There are some who may encounter a plateau when it comes to their weight loss efforts however. While you simply can’t diet forever, we’ve tackled the topic of keto weight loss plateaus in a separate article so you don’t end up giving up on it because your progress has slowed!
Additionally, understanding how to manage your hunger on a keto diet is important too; with the reduction in food volume (due to reduced wholegrains and fibrous, voluminous fruits and veggies) it is only natural that you may be feeling a bit hungrier.
- Increase your protein intake (pushing towards 30% of total energy intake if possible)
- Ensure you’re getting adequate fiber intake (The American Heart Association recommends are between 25 to 30g a day; this is where a fiber powder supplement may come in handy!)

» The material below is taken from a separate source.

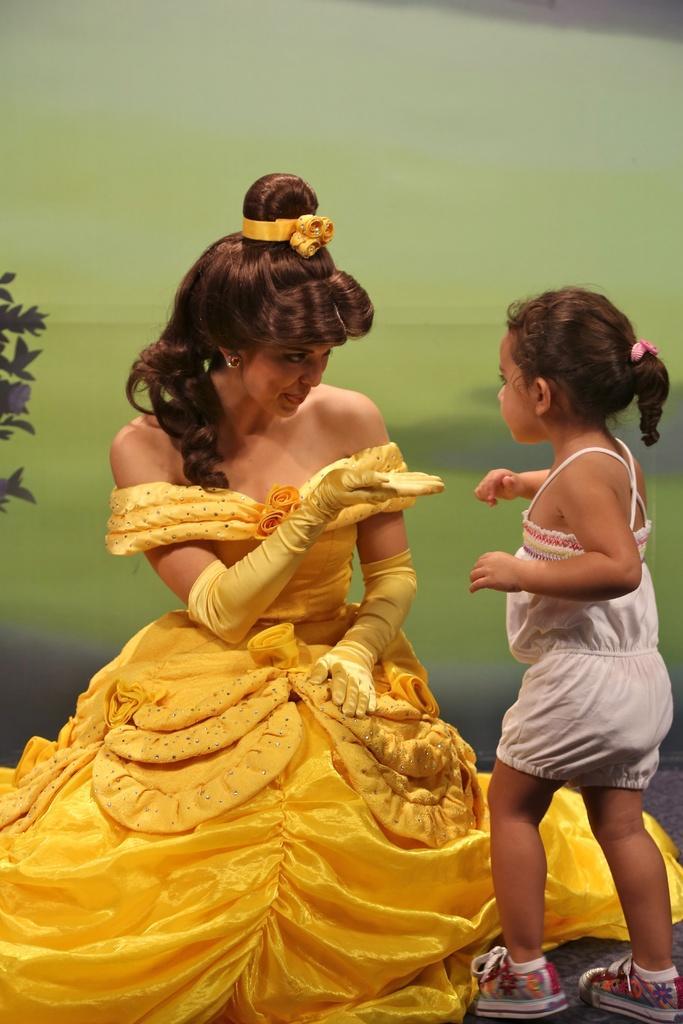How would you summarize this image in a sentence or two? In this image I can see two people with white and yellow color dresses. To the left I can see the plant. In the background I can see the green and grey color surface. 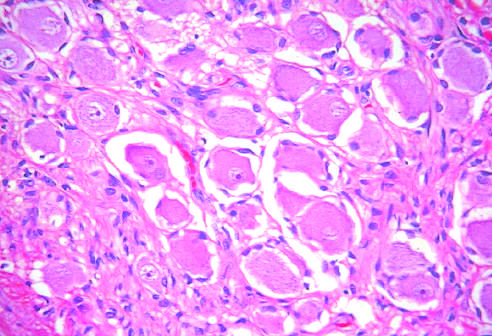what contain mature cells from endodermal, mesodermal, and ectodermal lines?
Answer the question using a single word or phrase. Testicular teratomas

- Ensure you’re adequately hydrated and even throw in some carbonated zero kcal drinks to help improve your satiety if you are still struggling!
- Ensure you’re getting quality sleep and around 7 to 8 hours if you can (8 hours preferably!)
- Ensure you’re managing the stressors in your life well
- Exercise every day (at least 30 minutes of relatively intense work)
Read Also: How To Overcome Keto Weight Loss Plateau
If you’re going out, plan in advance; we have a range of keto based articles for suitable options when eating out at different restaurants and takeaways!
Use the keto guide for beginners and resources such as this to determine which fruits and vegetables will be suitable for you and which you can incorporate.
Read up on keto-friendly recipes and books too; nothing helps more with dieting than being excited for what you’re going to eat!
But, ultimately, practice patience and compassion; don’t critique yourself for getting it wrong, that’s a predictor of future failure! Plan, learn, understand and slowly incorporate.